Monday, June 13, 2011

Choices

Two months ago, I had a choice to make between two options: Emory or Vanderbilt? I made out lists of pro's and con's. I swung from one pole to the other. I also led friends to believe I had sided one way, then did a 180 by the next time I talked to them.

As a concise recap - because neither you nor I are much interested in being drug through details here (relive the crowded thoughts? No way!) - Vanderbilt had money, prestige, and one particularly great faculty member to boast. Downsides: they held all their classes in one room; their graduates' placements weren't stellar; one Vandy drop-out told me she never felt connected there; I felt like if I went there it'd be for the wrong reasons. Emory's pro's: I am enamored with Atlanta. Not sure why. It seems to hold the same city mystique that drew me to Columbia. Emory was far more responsive to me in the beginning stages of applying. I started picturing myself as a scholar there. By the time Vanderbilt became a possible reality, my Emory baby was past the zygote stage. Hard to kill a life that's already gestated. Emory also seems to hold a little more clout among soc circles. Also their faculty are uber friendly and I have the one I want to emulate already pegged (hopefully she's not reading this blog!). So Emory's cons kind of never took form for me.

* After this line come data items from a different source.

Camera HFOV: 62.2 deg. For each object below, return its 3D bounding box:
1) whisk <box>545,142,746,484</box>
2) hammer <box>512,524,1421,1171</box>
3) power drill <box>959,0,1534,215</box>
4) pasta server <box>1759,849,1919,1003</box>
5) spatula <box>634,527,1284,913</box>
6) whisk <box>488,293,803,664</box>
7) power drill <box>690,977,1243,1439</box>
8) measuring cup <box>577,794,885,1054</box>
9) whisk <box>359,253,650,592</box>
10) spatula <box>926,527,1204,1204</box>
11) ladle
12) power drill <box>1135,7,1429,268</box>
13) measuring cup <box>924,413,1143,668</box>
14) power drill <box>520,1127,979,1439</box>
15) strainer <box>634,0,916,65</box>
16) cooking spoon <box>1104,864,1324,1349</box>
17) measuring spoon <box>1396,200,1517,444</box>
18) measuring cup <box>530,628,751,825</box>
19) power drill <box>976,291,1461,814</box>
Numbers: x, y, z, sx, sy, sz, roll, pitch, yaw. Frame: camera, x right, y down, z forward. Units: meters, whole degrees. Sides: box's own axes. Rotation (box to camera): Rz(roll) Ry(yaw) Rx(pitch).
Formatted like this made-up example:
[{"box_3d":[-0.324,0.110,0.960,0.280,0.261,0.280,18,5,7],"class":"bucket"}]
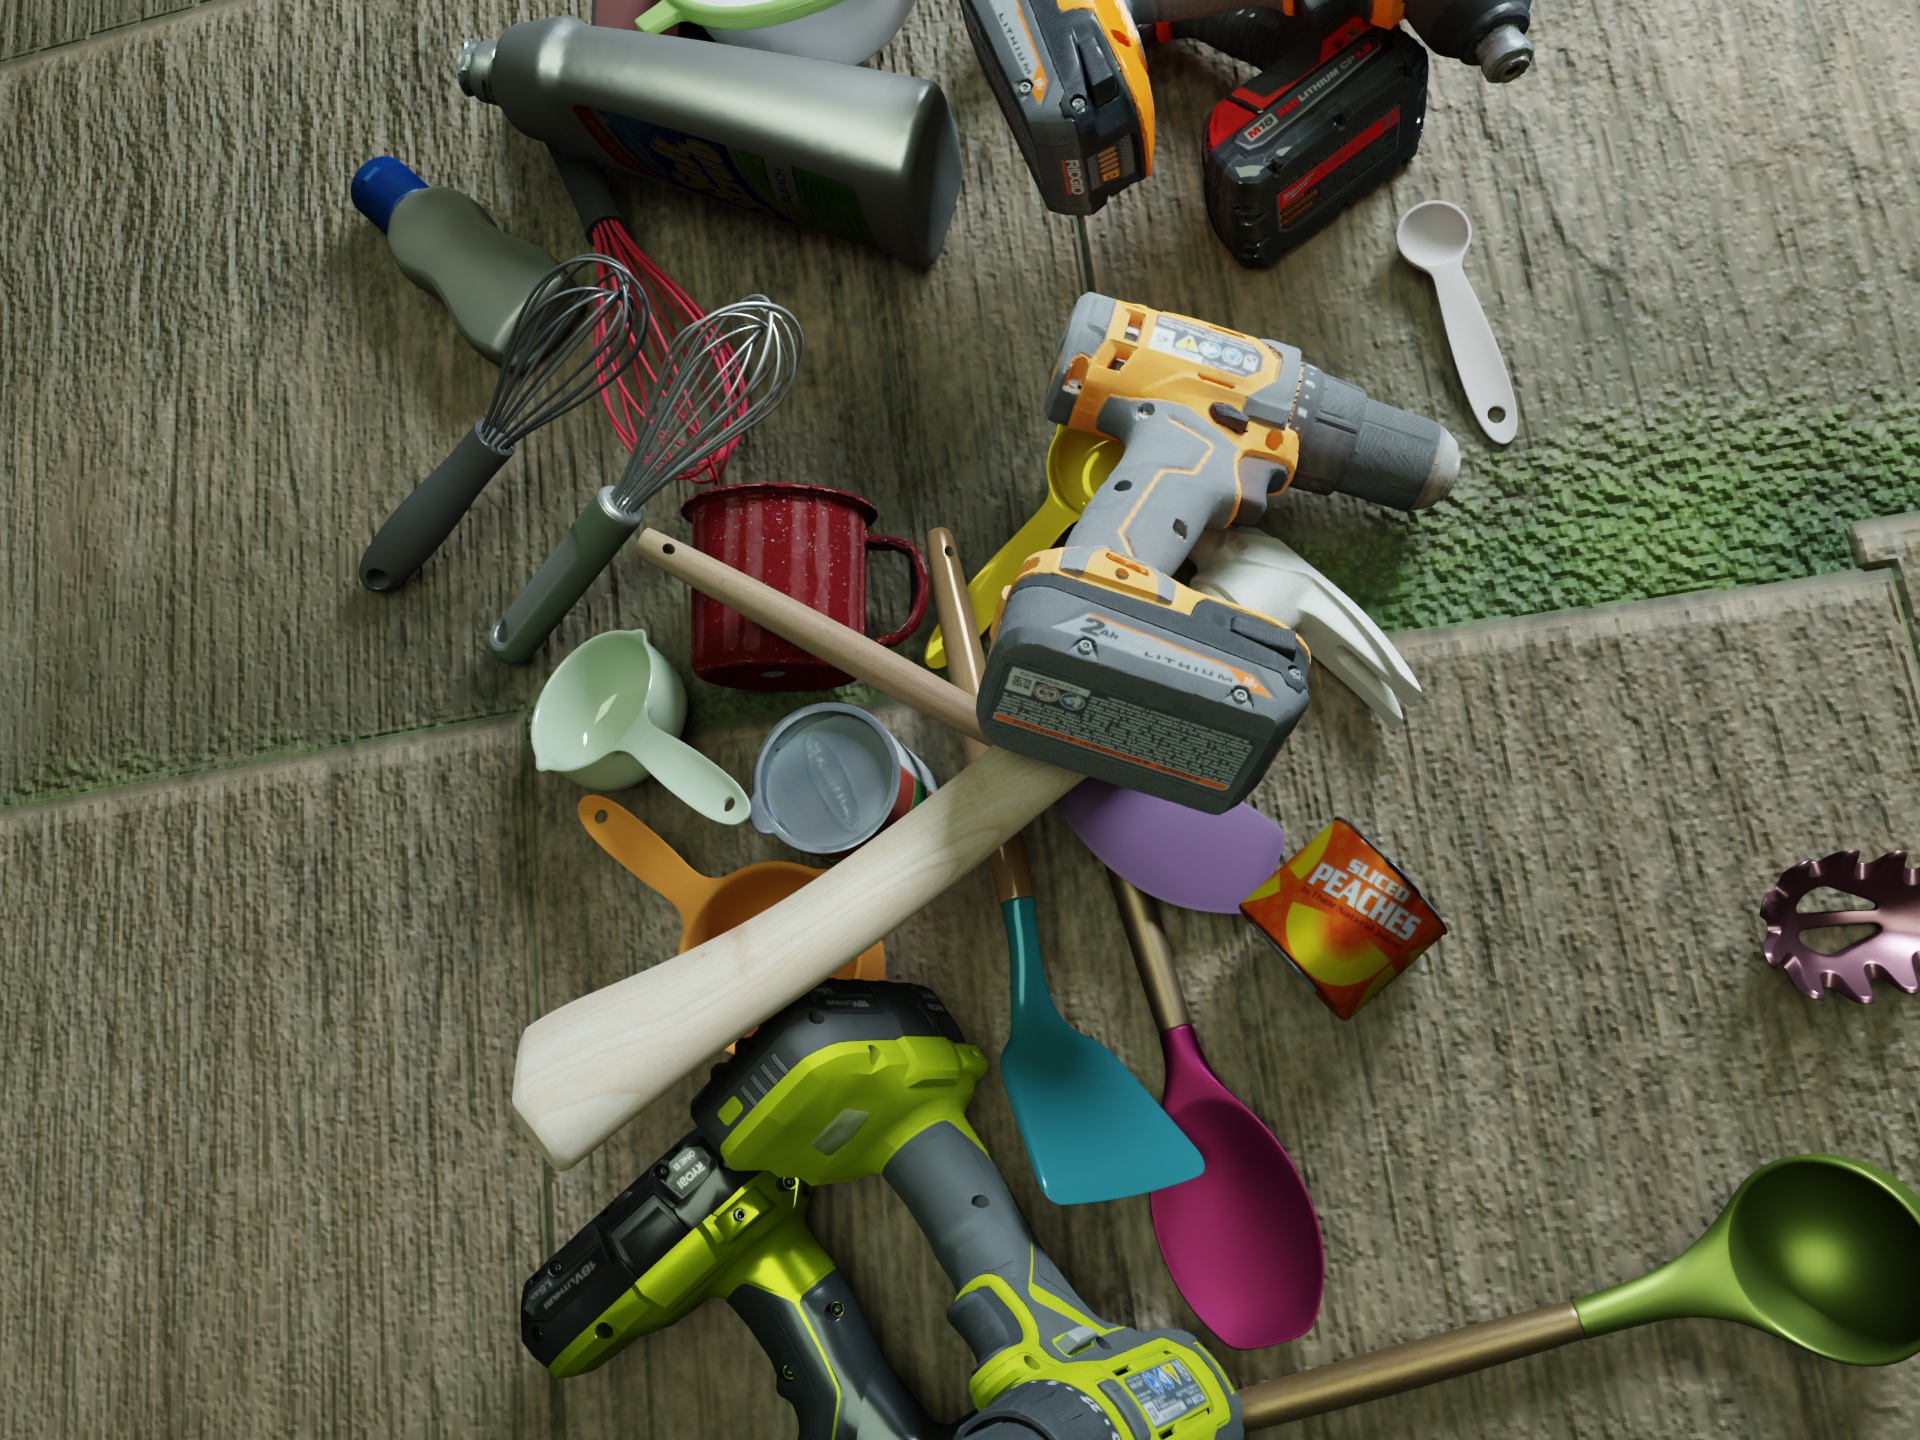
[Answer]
[{"box_3d":[-0.179,-0.241,0.831,0.073,0.073,0.296,-27,67,5],"class":"whisk"},{"box_3d":[0.009,0.045,0.637,0.410,0.038,0.146,-35,69,-26],"class":"hammer"},{"box_3d":[0.126,-0.310,0.687,0.226,0.084,0.164,-23,73,4],"class":"power drill"},{"box_3d":[0.475,0.071,0.619,0.316,0.040,0.060,-5,88,10],"class":"pasta server"},{"box_3d":[-0.001,-0.002,0.698,0.316,0.018,0.060,29,72,-3],"class":"spatula"},{"box_3d":[-0.157,-0.107,0.753,0.246,0.059,0.058,-43,54,29],"class":"whisk"},{"box_3d":[-0.004,0.209,0.606,0.080,0.190,0.229,-47,61,13],"class":"power drill"},{"box_3d":[-0.109,0.090,0.738,0.174,0.052,0.095,35,86,25],"class":"measuring cup"},{"box_3d":[-0.233,-0.140,0.785,0.239,0.055,0.055,-40,70,27],"class":"whisk"},{"box_3d":[0.027,0.052,0.706,0.082,0.044,0.318,-1,68,-32],"class":"spatula"},{"box_3d":[0.217,0.244,0.624,0.320,0.062,0.078,-20,74,10],"class":"ladle"},{"box_3d":[0.113,-0.336,0.782,0.143,0.078,0.220,-36,69,2],"class":"power drill"},{"box_3d":[0.039,-0.083,0.765,0.062,0.029,0.156,45,101,19],"class":"measuring cup"},{"box_3d":[-0.074,0.294,0.666,0.171,0.080,0.223,-42,75,0],"class":"power drill"},{"box_3d":[-0.026,-0.375,0.802,0.256,0.069,0.152,8,58,23],"class":"strainer"},{"box_3d":[0.088,0.111,0.704,0.069,0.017,0.319,-21,73,17],"class":"cooking spoon"},{"box_3d":[0.237,-0.186,0.750,0.034,0.018,0.124,-17,80,8],"class":"measuring spoon"},{"box_3d":[-0.138,0.015,0.739,0.168,0.038,0.083,31,83,41],"class":"measuring cup"},{"box_3d":[0.112,-0.075,0.662,0.185,0.084,0.226,17,54,0],"class":"power drill"}]

Two months after turning in my official decisions to both schools, I have repeatedly felt peace with my decision to go to Emory. I get excited when I'm on the phone discussing my master's thesis with my hope-to-be advisor. She gives real guidance! Woo hoo! I get excited by the virtual book club emails one faculty has set up with three of us (the other two students not in my cohort). I get excited, excited, excited..........

I'm thankful that choices come to a decision-point, and that God makes it so you can happily live with your choice. What would it be like if choices just hung around like flies at a picnic (hated guests), never coming to a crux? Or, what if decisions could kill you with regret afterwards? But thanks be to God, who keeps life in flux, who keeps time rolling, and who enables us to live with our decision, past regrets and worries. He's got us.